It all starts with a Wedding, that’s what I say. When I get an invitation to someone’s ‘Marriage’ I have this strong urge to call them up to correct their grammer, or is it grammar……….. because the wedding is the bit when you make impossible vows and completely believe in them, and the marriage is the rest of your life together. So not the same thing.
These vows are written in stone, or so you think at the time. They also ask of you more than will ever be asked of you in any other part of your life. What seemed like an uphill struggle before, when you were free and single, evanesce as you face the stark and solid truth that the old mother-in-law has the upper hand and, what’s more, always will. Now that I am one myself, I feel very unsure of myself at times, and rightly so. The old type of mother in law was comfortably certain of her place on the family throne, whereas we unsure ones watched them from the servants gallery and vowed we would never be like them. Well, mostly we are achieving just that, and, in doing so, in approaching with more tact we are making new mistakes. It is the way of things.
I don’t remember if I promised to obey or not, but what laughs me a lot, is that it matters one way or the other. The animated discussions I have overheard concerning which words are left out and which put in to a wedding ceremony adds a value that most certainly dilutes in time. I suppose in the olden days, if someone didn’t obey or honour or cherish and it was brought to the Judgement Mound and proclaimed before the Wise Men, and if it was found to be true, due punishment would have been administered, its legacy, shame. Nowadays, the Judgement Mounds are covered with heather and bluebells, their ancient role all but forgotten.

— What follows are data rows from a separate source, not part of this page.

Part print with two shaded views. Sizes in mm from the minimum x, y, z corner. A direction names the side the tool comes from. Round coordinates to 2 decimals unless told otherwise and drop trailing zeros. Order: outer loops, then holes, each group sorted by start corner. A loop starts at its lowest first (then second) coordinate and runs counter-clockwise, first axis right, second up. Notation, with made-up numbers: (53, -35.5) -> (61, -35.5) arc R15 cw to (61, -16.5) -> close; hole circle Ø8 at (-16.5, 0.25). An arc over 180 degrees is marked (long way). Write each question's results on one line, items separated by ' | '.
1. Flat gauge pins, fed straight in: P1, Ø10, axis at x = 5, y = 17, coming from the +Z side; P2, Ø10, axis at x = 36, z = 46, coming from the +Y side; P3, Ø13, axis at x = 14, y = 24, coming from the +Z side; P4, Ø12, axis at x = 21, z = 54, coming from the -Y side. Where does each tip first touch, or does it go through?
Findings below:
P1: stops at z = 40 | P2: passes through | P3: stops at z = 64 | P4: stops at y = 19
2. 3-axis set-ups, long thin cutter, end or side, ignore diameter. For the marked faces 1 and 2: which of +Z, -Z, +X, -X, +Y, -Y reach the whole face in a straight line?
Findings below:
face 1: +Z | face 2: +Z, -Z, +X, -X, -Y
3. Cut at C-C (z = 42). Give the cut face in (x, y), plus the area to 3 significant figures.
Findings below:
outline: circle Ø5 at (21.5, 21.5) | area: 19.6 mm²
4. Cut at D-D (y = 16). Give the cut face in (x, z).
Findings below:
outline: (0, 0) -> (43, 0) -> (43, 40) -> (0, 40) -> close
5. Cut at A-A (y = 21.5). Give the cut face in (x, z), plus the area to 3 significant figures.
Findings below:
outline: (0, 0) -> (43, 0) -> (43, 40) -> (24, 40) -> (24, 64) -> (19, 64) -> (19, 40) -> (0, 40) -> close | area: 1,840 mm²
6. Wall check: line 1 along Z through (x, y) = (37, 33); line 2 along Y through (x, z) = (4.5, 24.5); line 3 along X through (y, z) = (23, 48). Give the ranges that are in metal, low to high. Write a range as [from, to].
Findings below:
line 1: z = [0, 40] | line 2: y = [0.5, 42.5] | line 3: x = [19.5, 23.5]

After the fluffery wuffery of the wedding, and the first halcyon days of playing house, the serious business of life clicks in. We put away the wedding dress and don the apron. It’s not a bad, but a good thing, because scrubbing a floor in a wedding dress is asking for trouble. So, we move on into our new days, we two people who have made the biggest decision of our lives. No maps are handed out. We will now sail into uncharted waters, learning from each other and working day by day to weave a new cloth from the colours each one brought to the mix, very different colours, different histories, different understanding of light and dark, texture and balance, give and take, up and down. Who will lead and who will follow? Who will let go and who will hold on. Who thinks of solutions and who chews over the disaster? None of this has really been revealed as yet for neither of us have stood the test, not yet. Falling in love is a momentary thing. Staying there, when things begin to annoy and upset, letting them take their place in the weaving of the cloth when all you want to see are the vibrant colours of joy and happiness, is quite another. The trick is to let that happen without feeling a sense of loss. The trick is not to imagine this woman is trying to mother me, when she shouts at me for sock-dropping, or that this man is trying to control and contain me, when he challenges the cut of my dress The trick is, the trick is………
The goodly thing about Goodly Life is that it keeps waking us up each morning with birdsong or Chris Evans or the dooby doo of an alarm clock, or a baby’s wail, or that eerie silence that tells you it snowed overnight. We keep waking, we keep feeling hungry, needing a walk, a cup of tea, a chat with a friend. Our brains must plan school mornings, bus time-tables, train schedules and packed lunch boxes. This is it, this is life and this, shared, keeps us moving through our daily rounds, bumping into each other, working out the best way to do this or not do that, until gradually we weave ourselves into one cloth.
If any of us knew what lay ahead, we might never begin. How we learn to deal with whatever comes along, is all in the strength of that cloth, the warp and weft of it, the necessary tension, the edging. When storms prevail and loud black clouds hang overhead all packed with lightning flash and cold wet rain, we can use this cloth for shelter and warmth, but it will only give back what we have woven into it. The history we make together is not solely of our own pasts, but it is a new thing. We bring in children, carving their histories out for them, at least, in the very beginning. Each of us is a new creature, with unique quirks and gifts, thoughts and concerns. Each one of us sees a thing differently, even if we mostly agree on the image it creates in our minds. However, there is one thing I have found to be almost universal, and that is the instant and unconditional love a parent feels for their child. I know life can sour a relationship, but after the angry words are spoken and the protection in place, I still believe this love surpasses all other loves, and it never fails to astonish on first encounter. I remember it each time a babe was born from me, that however scared I may have been of dangers unknown, I knew I would protect this child’s life with my own, and I still would.
At this end of a verrrrrry long marriage, there is a very colourful cloth around us, five colourful children and their families. Nobody could say we quietly got on with our lives together, obeying the rules, but, instead, raved against the wrongs, laughed and lived wildly, generously, and mostly in complete chaos. On this day, we look at each other and we both marvel. How on earth we managed, against all the odds, to be celebrating 43 years together, even all ‘vowed up’, is a mystery, and not just to us.